### TASK REQUIREMENTS
Go through the records and filter out every line lacking the word "drum"; copy the lines that remain.

### Items listed in a dataset
%%
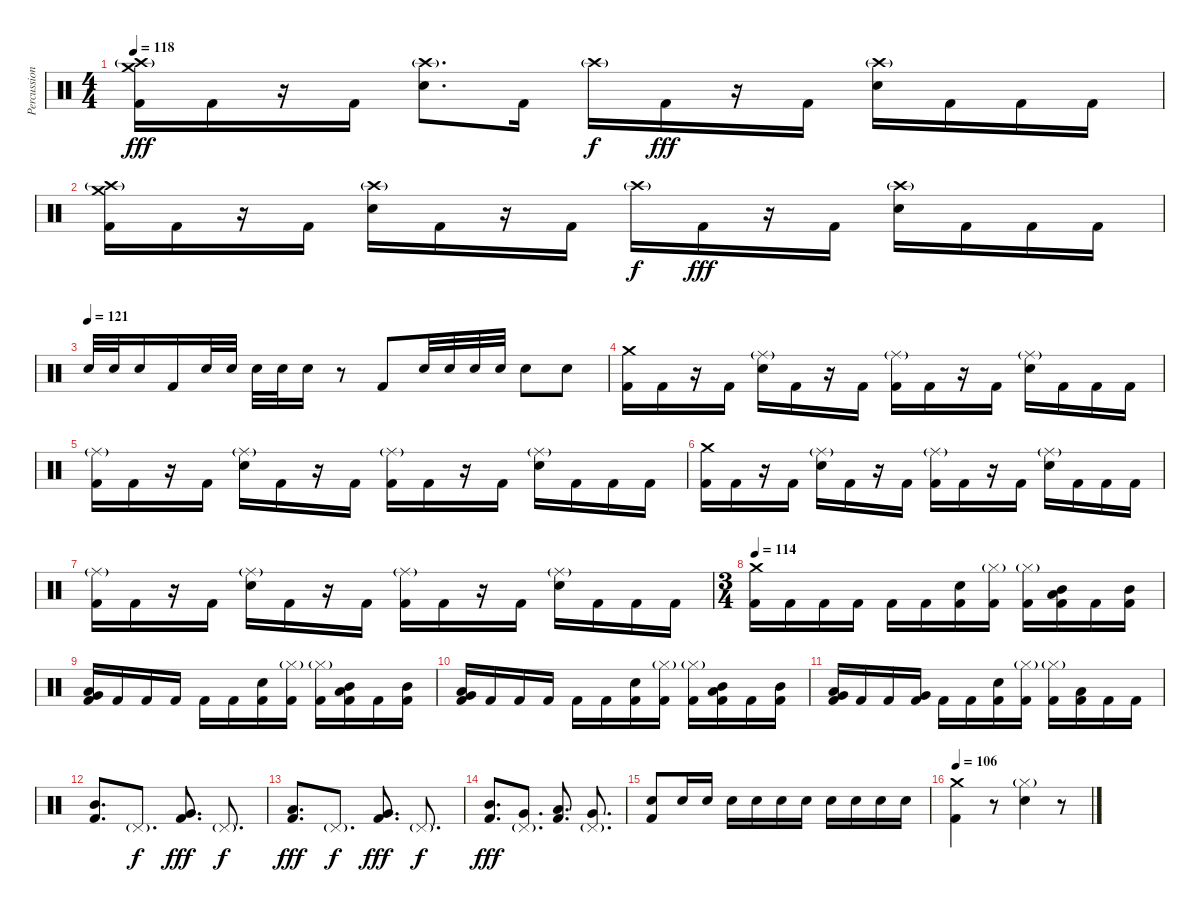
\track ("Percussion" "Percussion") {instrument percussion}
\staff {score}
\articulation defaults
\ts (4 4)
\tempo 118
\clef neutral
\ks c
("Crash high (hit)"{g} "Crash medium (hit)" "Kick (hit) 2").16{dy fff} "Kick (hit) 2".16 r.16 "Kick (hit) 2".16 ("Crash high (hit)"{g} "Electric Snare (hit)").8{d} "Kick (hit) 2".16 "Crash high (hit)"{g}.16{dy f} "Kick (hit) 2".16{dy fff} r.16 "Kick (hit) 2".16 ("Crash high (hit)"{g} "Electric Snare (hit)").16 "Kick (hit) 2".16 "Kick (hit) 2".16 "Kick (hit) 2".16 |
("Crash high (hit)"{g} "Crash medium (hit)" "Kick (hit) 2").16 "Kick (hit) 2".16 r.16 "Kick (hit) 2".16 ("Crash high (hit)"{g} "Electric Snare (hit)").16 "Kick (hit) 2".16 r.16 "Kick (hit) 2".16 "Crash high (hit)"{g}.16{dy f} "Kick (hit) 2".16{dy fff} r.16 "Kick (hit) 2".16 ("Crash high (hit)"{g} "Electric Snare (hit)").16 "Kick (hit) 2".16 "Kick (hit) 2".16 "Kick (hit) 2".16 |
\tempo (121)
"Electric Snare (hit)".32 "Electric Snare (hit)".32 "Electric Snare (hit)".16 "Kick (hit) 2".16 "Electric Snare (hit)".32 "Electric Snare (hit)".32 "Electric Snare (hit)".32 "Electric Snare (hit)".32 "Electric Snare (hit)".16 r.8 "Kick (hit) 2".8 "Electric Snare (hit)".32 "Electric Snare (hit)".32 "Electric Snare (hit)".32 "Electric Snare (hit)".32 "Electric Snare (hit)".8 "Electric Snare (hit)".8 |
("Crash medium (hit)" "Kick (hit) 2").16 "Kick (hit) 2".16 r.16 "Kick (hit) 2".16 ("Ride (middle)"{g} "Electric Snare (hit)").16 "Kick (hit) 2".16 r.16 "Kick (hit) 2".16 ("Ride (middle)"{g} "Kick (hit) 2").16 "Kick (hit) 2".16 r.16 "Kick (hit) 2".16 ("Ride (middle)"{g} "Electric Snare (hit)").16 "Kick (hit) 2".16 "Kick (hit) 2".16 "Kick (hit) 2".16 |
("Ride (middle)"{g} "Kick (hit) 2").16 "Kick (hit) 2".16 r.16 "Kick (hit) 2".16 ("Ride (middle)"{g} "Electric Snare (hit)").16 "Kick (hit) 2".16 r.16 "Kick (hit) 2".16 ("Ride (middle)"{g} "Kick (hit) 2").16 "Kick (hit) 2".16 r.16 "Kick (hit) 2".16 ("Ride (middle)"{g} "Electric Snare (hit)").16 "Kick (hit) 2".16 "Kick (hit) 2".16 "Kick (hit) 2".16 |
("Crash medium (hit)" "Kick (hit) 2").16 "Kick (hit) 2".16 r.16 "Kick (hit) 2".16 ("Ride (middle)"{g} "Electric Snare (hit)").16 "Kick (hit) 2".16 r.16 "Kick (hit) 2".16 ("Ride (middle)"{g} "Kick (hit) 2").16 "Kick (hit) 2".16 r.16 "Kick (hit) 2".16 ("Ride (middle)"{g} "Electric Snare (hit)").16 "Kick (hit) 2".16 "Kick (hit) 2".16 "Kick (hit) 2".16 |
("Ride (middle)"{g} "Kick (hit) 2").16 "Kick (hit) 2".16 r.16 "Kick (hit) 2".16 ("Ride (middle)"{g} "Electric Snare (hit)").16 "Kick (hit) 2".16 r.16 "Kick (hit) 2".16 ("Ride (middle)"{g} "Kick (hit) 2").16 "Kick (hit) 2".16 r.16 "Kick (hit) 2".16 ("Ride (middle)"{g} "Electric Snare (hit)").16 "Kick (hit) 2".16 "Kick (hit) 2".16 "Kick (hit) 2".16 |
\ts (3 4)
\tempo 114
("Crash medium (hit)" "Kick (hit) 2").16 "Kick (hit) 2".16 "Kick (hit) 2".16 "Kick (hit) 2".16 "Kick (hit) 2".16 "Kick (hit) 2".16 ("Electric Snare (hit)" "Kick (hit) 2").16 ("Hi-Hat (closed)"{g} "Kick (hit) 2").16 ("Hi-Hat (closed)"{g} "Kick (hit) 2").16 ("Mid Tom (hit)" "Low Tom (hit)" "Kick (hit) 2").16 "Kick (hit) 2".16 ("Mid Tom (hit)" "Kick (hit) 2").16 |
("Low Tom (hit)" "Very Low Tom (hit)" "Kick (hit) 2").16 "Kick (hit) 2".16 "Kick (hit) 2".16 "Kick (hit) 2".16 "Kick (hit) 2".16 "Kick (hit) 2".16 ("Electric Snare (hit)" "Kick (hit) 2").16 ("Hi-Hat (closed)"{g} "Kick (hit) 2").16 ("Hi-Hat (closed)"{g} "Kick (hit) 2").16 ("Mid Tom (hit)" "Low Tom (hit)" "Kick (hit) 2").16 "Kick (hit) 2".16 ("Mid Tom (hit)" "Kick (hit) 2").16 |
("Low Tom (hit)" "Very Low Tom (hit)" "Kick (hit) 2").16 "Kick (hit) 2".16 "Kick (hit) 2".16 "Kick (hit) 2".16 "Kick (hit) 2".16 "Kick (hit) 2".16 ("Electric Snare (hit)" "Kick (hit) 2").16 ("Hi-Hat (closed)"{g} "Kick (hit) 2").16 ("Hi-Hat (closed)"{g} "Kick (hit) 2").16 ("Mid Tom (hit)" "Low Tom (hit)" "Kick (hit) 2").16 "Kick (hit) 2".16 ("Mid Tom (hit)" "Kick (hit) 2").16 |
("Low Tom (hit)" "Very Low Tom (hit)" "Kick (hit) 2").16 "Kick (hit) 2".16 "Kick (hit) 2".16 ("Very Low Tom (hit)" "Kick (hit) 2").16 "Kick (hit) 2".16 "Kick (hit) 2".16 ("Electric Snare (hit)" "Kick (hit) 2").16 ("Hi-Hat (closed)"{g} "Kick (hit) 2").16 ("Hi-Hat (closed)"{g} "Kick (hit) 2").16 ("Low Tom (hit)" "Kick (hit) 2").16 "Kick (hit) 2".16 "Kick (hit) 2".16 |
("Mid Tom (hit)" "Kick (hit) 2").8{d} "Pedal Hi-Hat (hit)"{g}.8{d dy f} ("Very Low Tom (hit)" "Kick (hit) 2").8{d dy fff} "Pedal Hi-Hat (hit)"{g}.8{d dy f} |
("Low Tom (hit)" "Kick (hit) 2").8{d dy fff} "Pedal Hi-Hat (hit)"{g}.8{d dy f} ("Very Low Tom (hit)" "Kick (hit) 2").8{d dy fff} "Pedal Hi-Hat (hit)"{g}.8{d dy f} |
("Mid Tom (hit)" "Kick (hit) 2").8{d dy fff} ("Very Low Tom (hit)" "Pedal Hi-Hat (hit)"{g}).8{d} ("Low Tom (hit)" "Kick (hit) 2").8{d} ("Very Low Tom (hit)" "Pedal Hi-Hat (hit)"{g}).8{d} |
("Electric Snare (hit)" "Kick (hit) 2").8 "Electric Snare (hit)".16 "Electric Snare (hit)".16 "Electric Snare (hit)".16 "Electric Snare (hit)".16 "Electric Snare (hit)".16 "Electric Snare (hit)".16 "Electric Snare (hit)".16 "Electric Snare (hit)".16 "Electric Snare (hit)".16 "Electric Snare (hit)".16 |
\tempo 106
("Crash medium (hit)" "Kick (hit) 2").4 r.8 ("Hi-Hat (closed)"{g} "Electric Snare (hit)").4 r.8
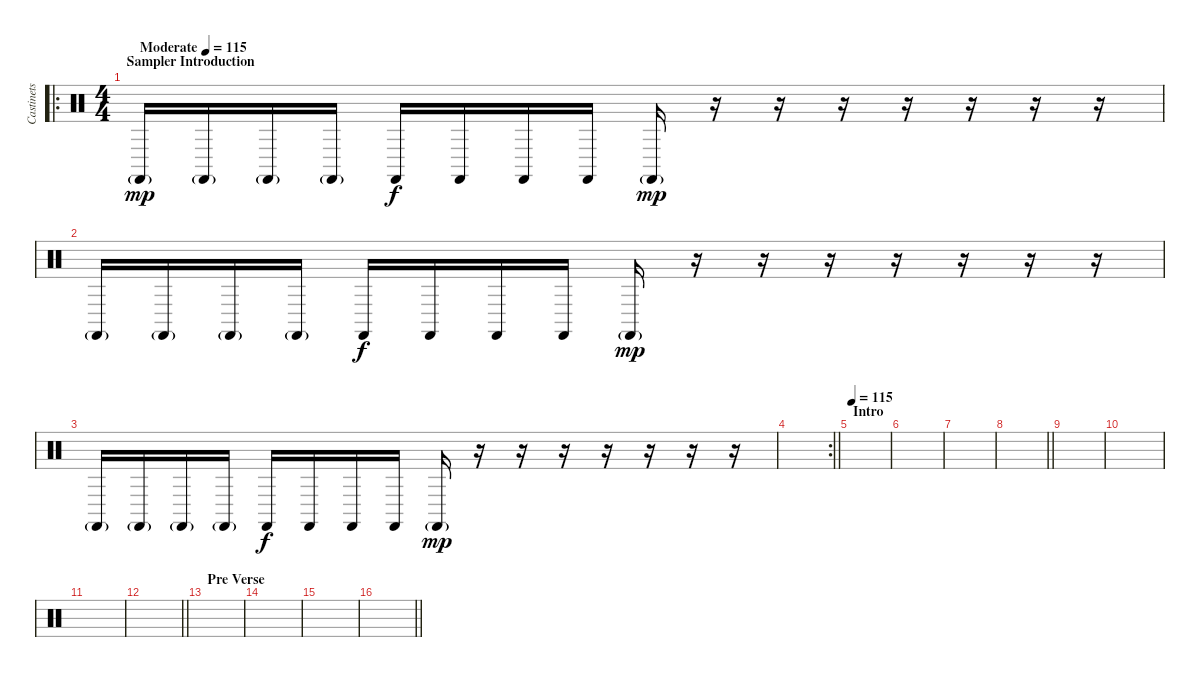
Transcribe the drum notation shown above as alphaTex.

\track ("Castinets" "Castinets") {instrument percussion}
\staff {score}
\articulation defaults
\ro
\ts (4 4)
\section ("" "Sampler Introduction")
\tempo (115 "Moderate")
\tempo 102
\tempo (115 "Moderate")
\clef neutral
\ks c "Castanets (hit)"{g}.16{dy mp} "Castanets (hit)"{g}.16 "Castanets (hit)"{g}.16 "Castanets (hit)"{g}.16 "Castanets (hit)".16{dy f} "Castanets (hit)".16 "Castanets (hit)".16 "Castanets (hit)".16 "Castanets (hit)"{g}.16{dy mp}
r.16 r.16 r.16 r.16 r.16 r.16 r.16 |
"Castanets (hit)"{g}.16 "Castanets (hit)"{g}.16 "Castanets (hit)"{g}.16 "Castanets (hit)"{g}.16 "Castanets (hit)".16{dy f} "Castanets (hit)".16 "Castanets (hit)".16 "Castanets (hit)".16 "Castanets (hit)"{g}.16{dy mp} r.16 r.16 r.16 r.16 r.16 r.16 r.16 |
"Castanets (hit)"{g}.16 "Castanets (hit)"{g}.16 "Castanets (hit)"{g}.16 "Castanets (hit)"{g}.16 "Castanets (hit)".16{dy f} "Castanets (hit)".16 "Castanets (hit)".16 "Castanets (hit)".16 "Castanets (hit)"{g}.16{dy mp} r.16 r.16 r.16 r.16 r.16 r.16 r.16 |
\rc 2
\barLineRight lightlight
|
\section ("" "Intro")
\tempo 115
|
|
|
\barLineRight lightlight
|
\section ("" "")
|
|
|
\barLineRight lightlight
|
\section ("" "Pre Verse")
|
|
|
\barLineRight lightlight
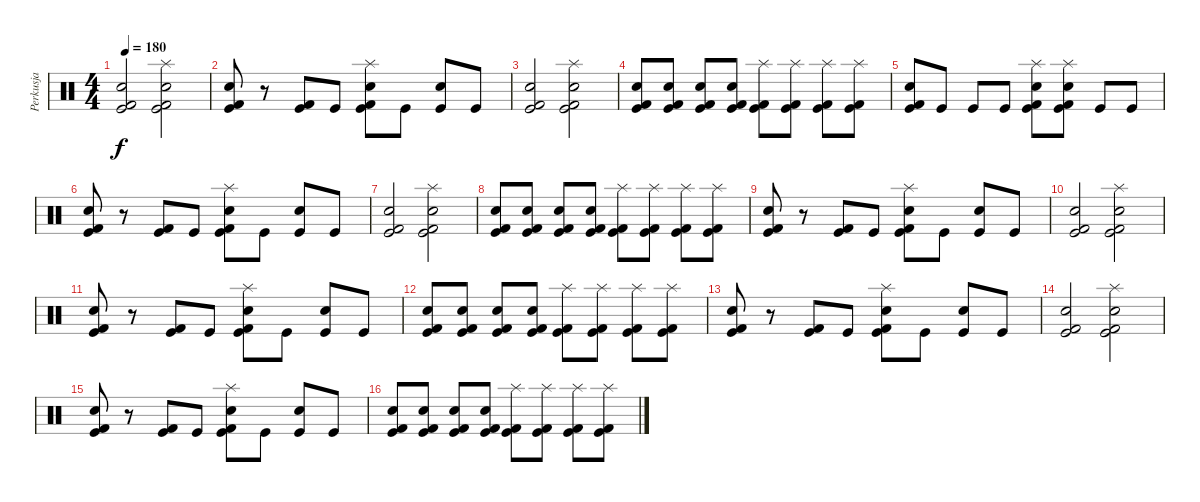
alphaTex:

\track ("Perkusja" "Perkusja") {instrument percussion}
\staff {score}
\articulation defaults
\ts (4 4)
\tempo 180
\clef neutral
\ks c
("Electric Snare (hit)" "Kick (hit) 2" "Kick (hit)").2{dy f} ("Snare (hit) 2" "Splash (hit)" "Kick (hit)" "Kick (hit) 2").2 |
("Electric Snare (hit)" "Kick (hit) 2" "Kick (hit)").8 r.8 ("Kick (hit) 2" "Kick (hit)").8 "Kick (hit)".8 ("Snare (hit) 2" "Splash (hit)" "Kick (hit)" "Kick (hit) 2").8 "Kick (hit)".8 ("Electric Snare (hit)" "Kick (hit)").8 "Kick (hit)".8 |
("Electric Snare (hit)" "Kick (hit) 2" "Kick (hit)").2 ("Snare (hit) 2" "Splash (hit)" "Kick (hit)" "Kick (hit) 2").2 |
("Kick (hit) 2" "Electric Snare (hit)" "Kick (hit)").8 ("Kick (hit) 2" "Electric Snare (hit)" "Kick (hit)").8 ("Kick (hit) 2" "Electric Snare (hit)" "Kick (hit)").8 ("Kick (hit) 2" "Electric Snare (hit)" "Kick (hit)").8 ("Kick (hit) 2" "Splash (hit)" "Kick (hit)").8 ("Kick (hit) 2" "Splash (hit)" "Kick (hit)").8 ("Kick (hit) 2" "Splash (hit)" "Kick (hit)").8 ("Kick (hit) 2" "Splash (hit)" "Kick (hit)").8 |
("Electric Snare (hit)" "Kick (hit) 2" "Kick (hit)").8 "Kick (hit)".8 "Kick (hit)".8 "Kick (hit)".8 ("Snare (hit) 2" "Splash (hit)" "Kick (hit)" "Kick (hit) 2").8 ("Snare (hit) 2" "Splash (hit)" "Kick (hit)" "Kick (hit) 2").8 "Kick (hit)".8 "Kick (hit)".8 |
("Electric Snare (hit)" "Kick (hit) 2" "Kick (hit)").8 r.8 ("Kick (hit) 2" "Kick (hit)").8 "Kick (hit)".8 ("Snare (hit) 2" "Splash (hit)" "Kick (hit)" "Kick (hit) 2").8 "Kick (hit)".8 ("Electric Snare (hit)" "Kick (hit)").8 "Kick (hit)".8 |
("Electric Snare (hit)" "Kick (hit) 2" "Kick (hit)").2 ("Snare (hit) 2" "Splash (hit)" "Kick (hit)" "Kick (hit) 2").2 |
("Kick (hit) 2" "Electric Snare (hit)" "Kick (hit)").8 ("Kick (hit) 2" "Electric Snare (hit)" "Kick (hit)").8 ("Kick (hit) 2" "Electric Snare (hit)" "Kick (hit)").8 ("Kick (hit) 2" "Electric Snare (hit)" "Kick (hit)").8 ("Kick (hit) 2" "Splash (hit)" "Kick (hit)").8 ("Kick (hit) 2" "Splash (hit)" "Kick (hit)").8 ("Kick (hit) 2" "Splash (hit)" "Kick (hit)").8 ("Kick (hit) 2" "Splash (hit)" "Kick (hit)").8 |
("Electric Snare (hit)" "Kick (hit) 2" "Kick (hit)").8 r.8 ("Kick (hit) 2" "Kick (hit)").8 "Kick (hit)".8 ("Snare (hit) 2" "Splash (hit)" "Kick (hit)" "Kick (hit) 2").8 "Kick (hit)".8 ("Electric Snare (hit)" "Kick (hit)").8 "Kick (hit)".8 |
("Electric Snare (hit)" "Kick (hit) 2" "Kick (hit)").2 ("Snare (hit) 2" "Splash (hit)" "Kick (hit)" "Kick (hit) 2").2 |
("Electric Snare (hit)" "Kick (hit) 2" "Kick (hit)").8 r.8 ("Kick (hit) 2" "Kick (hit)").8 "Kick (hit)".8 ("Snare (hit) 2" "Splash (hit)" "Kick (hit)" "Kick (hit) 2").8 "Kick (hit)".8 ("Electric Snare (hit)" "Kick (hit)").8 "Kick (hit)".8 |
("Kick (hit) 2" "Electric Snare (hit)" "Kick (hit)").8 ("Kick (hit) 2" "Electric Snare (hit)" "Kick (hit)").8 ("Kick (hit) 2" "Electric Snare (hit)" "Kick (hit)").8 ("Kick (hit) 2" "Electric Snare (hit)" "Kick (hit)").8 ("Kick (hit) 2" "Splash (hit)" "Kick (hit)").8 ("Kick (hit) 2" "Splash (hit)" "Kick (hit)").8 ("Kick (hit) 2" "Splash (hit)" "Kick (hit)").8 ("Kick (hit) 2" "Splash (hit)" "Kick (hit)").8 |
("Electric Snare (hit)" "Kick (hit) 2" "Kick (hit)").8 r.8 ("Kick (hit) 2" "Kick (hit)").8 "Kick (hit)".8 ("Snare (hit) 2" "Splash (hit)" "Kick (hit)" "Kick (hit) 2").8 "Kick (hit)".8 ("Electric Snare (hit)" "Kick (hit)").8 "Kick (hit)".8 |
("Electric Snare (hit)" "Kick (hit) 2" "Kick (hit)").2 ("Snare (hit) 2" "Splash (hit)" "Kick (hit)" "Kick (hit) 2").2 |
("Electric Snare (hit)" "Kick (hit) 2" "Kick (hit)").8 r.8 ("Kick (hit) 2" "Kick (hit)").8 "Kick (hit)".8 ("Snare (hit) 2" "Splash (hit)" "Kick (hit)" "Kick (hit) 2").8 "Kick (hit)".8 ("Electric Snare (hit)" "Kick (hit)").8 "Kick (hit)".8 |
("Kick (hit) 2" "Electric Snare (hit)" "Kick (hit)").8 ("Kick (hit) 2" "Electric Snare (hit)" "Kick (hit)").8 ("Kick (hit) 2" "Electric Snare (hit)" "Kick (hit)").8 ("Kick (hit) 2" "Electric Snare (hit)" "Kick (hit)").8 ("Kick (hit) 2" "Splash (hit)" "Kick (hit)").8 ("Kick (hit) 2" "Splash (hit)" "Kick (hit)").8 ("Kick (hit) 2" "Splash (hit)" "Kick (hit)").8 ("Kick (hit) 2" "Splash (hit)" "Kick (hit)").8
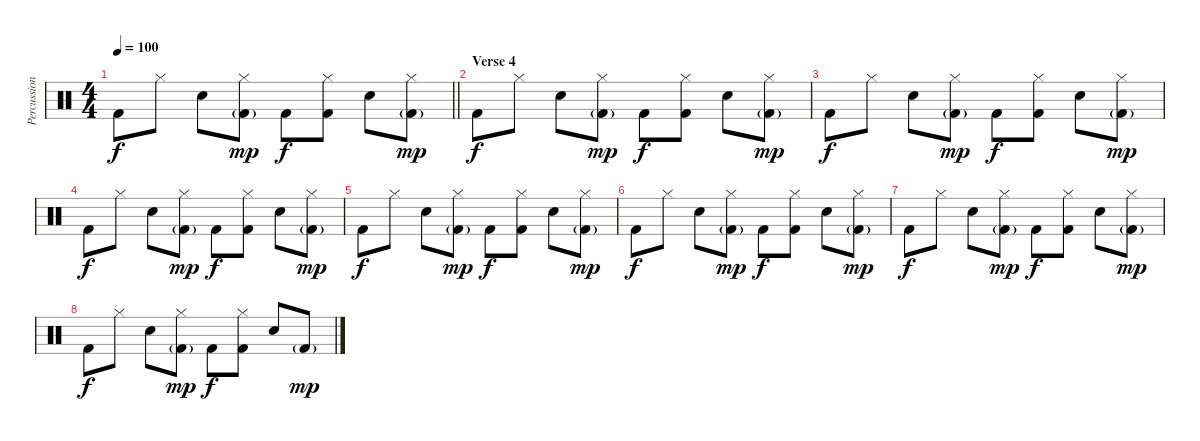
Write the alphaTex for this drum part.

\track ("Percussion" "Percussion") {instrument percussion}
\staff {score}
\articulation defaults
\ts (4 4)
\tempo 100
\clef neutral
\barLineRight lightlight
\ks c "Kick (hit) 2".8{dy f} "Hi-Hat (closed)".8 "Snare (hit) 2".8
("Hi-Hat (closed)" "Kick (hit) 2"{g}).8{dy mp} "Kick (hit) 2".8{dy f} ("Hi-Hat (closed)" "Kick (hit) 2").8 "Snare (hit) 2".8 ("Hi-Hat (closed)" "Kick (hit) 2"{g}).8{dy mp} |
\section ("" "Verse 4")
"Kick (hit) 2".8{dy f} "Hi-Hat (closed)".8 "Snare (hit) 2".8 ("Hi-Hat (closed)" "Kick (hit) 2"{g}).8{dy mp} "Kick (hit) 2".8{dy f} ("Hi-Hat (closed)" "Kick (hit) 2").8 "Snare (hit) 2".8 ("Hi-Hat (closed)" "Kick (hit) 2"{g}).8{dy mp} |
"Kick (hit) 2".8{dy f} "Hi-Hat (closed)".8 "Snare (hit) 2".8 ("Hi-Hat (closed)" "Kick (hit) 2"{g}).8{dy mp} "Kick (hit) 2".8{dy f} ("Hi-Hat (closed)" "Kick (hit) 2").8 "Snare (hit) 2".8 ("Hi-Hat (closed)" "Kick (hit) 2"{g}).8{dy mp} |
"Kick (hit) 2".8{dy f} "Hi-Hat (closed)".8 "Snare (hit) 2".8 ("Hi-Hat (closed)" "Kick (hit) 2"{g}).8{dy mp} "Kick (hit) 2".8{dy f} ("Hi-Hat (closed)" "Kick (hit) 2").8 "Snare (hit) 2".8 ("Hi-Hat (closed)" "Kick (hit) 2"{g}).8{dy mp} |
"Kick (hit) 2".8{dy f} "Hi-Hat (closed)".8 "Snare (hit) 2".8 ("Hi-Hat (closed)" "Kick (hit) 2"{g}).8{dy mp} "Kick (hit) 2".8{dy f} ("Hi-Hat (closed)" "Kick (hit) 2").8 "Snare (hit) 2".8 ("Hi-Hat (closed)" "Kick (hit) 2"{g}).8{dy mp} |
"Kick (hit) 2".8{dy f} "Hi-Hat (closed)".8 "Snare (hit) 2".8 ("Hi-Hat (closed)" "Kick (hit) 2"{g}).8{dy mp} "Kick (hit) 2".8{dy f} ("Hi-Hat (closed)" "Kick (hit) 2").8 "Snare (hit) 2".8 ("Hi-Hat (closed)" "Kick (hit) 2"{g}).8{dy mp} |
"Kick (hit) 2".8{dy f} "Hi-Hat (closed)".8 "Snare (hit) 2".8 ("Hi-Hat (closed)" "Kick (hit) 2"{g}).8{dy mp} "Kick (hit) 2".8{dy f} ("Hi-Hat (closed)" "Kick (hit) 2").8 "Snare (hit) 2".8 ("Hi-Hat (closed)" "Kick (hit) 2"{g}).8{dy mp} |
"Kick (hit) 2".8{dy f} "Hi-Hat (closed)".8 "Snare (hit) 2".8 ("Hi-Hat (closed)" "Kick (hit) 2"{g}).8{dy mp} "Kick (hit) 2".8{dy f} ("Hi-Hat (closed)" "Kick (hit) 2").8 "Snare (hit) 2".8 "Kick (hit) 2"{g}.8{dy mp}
%%
### RESULT
Transcribe the drum notation shown above as alphaTex.
Write the alphaTex for this drum part.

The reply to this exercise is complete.